Propostas para aperfeiçoar a classificação dos furacões
Diante das limitações da escala atual, cientistas propõem alternativas para aperfeiçoar a avaliação dos riscos dos furacões, visando sistemas de alerta mais eficientes e a preservação de vidas.
O professor Vasu Misra, do Centro de Estudos de Previsões Oceânicas e Atmosféricas da Universidade Estadual da Flórida, destaca que a escala Saffir-Simpson ignora o tamanho total do furacão e a distribuição horizontal dos ventos, fatores cruciais para determinar a força da maré de tempestade.
Para complementar a escala atual, Misra propõe a “Energia Cinética Integrada Rastreada” (Tike, no inglês), uma medida que considera a intensidade, a duração e a área de abrangência dos ventos.
Em vez de aviões, a metodologia Tike se basearia em dados coletados por satélites, o que traz seus próprios desafios. A presença de nuvens densas ao redor do furacão pode comprometer a precisão dos dados. Além disso, a localização dos satélites limita a obtenção de dados para algumas regiões, como o Oceano Índico e o Oeste do Pacífico.
A importância de um sistema de alerta centrado nas pessoas
Para o professor Kerry Emanuel, do Instituto de Tecnologia de Massachusetts (MIT), a solução ideal seria abandonar a escala Saffir-Simpson e criar um sistema completamente novo. Ele defende uma abordagem centrada nas pessoas, e não nas tempestades, similar ao modelo utilizado pelo Escritório de Meteorologia do Reino Unido.
O sistema britânico utiliza um código de cores para indicar a gravidade do risco, com alertas amarelo, laranja ou vermelho. Emanuel acredita que fornecer informações personalizadas sobre a probabilidade de ocorrência de eventos climáticos extremos, como ventos fortes e inundações, ajudaria a população a se preparar melhor.
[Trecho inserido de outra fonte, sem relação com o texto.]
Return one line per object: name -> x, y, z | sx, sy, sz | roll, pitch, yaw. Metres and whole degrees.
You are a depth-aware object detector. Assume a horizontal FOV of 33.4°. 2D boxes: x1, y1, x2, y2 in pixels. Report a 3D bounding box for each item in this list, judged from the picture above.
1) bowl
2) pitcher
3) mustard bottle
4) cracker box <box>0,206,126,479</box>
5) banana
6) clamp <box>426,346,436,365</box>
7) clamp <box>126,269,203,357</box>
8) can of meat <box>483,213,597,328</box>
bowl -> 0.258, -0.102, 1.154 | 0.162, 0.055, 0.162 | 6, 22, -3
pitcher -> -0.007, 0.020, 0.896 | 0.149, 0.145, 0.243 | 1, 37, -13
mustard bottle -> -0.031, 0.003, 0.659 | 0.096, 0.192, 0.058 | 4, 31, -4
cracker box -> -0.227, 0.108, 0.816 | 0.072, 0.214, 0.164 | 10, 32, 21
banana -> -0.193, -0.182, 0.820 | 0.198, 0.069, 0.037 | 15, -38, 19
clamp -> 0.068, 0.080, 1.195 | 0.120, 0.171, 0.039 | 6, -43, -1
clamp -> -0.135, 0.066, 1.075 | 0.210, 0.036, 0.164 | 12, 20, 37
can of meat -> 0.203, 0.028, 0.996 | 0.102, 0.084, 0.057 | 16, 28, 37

O debate sobre a criação da categoria 6
O aumento da temperatura dos oceanos tem tornado os furacões mais intensos e destrutivos, o que levanta a questão: a escala Saffir-Simpson deveria incluir uma categoria 6?
Embora alguns cientistas defendam a necessidade de eliminar o limite da categoria 5, a proposta enfrenta resistência. Eles argumentam que a criação de uma categoria adicional poderia levar as pessoas a subestimarem os riscos da categoria 5.
O vice-diretor do Centro Nacional de Furacões da Noaa, Jamie Rhome, argumenta que a categoria 5 já descreve danos catastróficos causados pelo vento. Ele ressalta que o foco não deve ser apenas a força dos ventos, mas sim os diversos riscos associados aos furacões.
Independentemente da decisão sobre a categoria 6, especialistas concordam que a escala Saffir-Simpson precisa ser revista e complementada para refletir os efeitos das mudanças climáticas e a complexidade dos riscos representados pelos furacões. É fundamental fornecer à população informações claras, completas e acessíveis para garantir que estejam preparadas para enfrentar os desafios impostos por esses eventos climáticos extremos.